▸ Problem statement
Copy the entries exactly. Leave out any pictures.

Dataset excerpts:
⁂

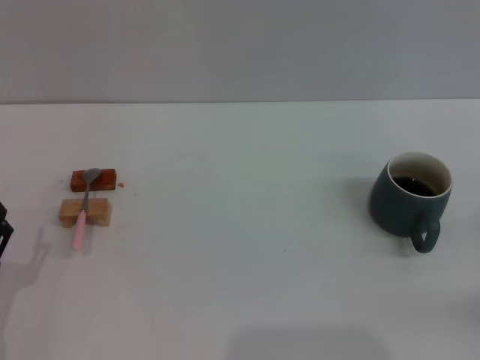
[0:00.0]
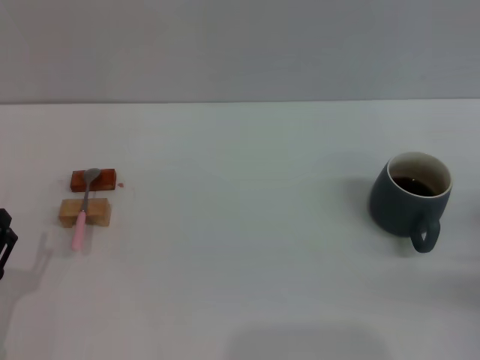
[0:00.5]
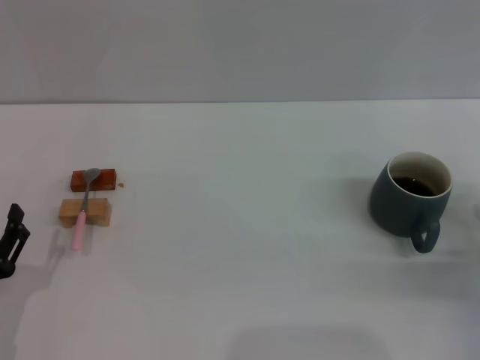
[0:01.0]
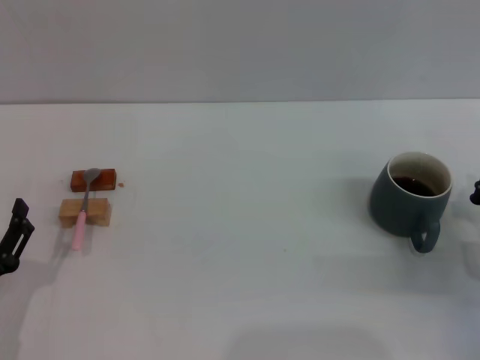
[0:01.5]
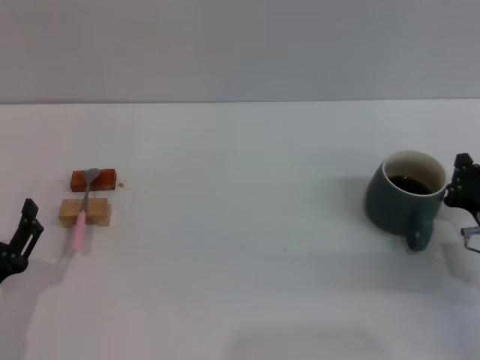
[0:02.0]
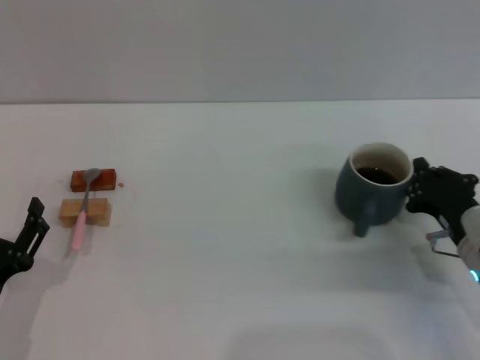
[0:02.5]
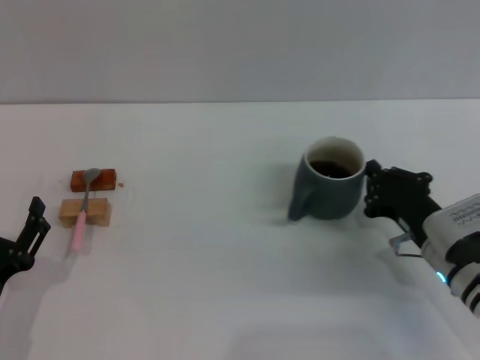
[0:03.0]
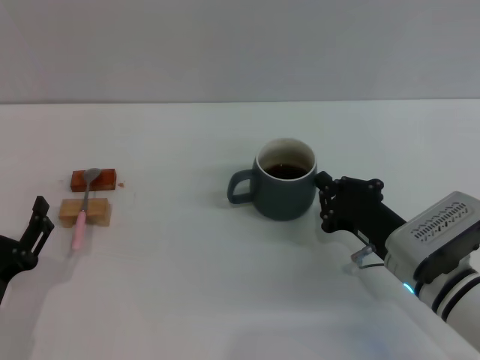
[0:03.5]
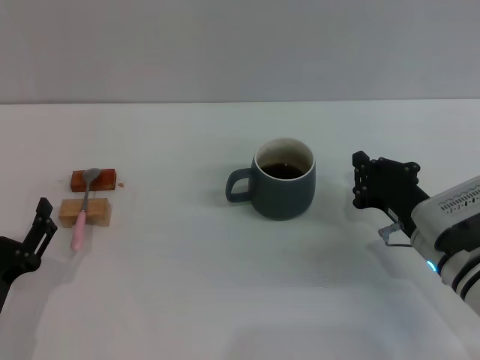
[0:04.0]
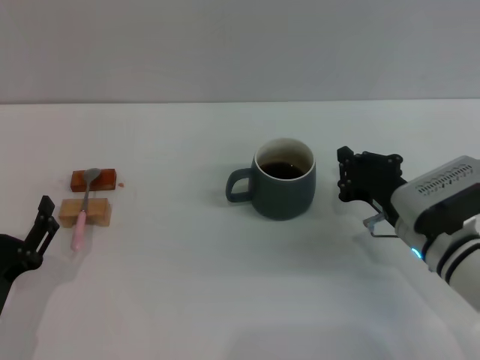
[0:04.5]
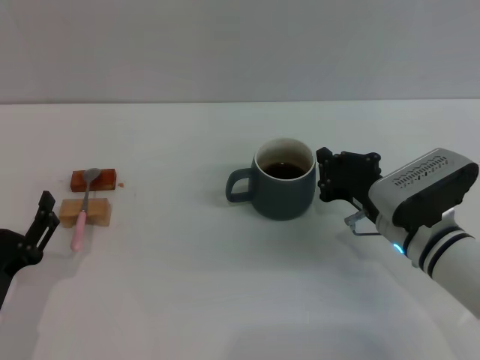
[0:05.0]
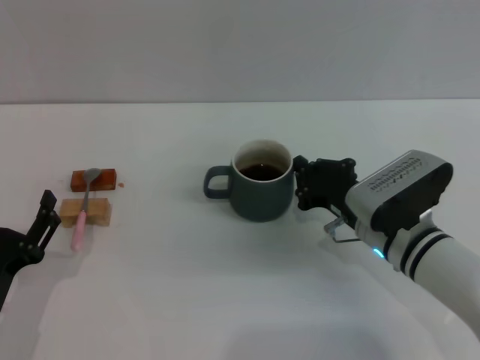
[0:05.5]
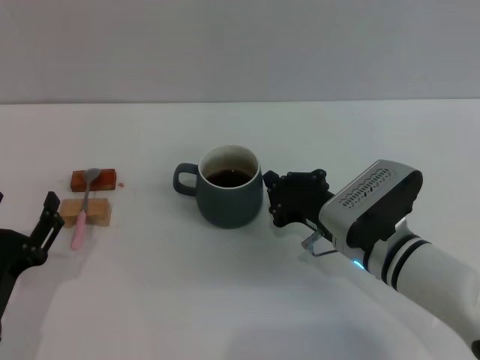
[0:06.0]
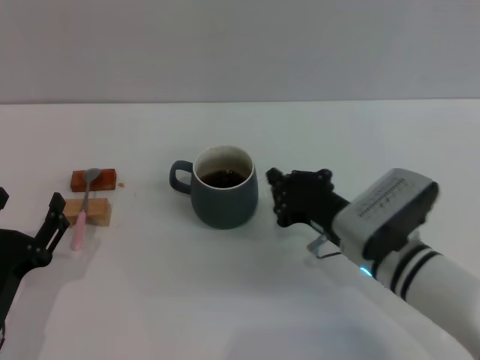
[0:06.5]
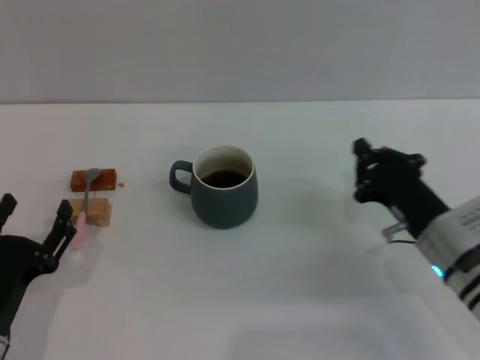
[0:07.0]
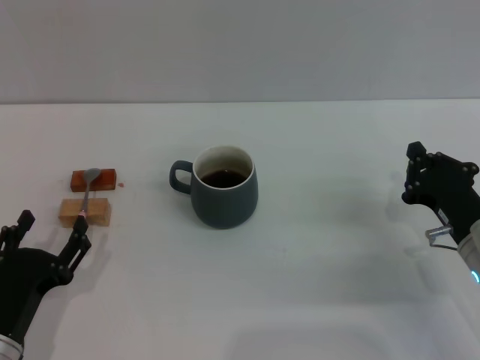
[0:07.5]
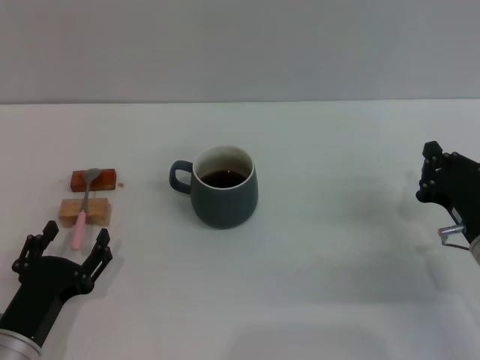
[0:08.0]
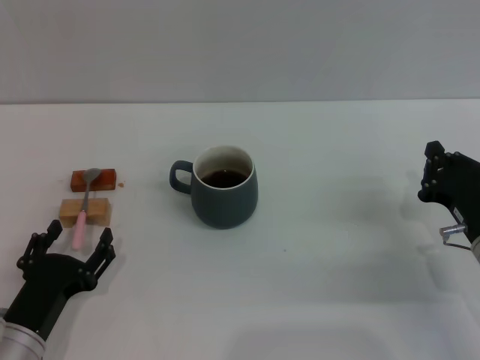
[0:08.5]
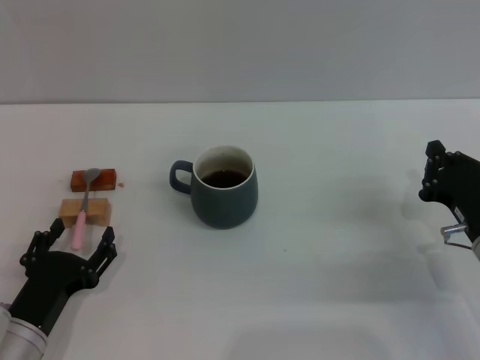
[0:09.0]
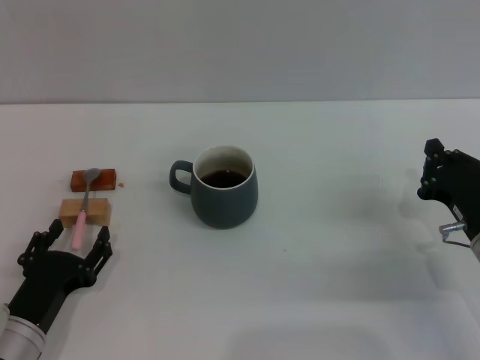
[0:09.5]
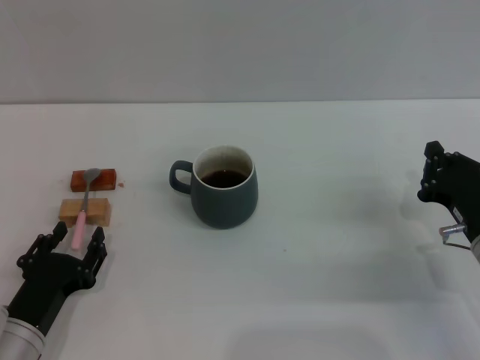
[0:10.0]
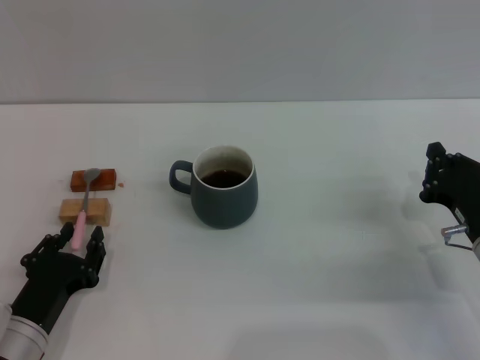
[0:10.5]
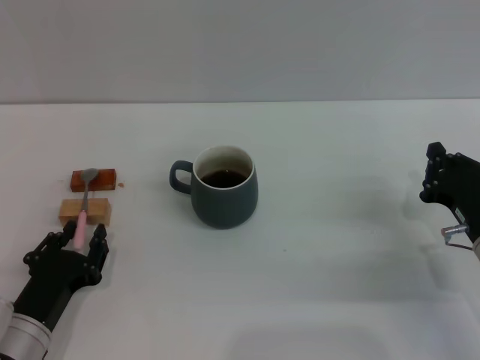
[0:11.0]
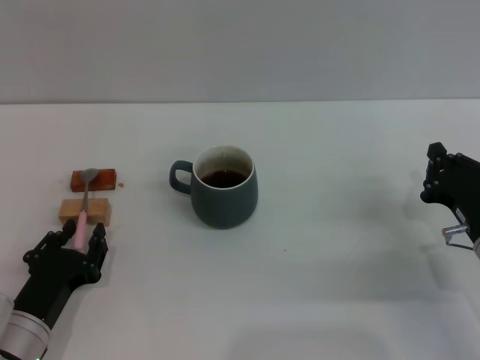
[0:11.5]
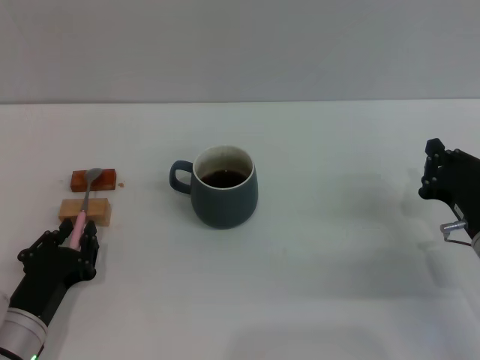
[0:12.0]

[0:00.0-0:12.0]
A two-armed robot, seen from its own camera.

⁂

▸ Answer to the exercise
[0:00.0]
[0:00.5]
[0:01.0]
[0:01.5]
[0:02.0]
[0:02.5]
[0:03.0]
[0:03.5]
[0:04.0]
[0:04.5]
[0:05.0]
[0:05.5]
[0:06.0]
[0:06.5]
[0:07.0]
[0:07.5]
[0:08.0]
[0:08.5]
[0:09.0]
[0:09.5]
[0:10.0]
[0:10.5]
[0:11.0]
[0:11.5]
[0:12.0]

[0:00.0-0:12.0]
A two-armed robot, seen from its own camera.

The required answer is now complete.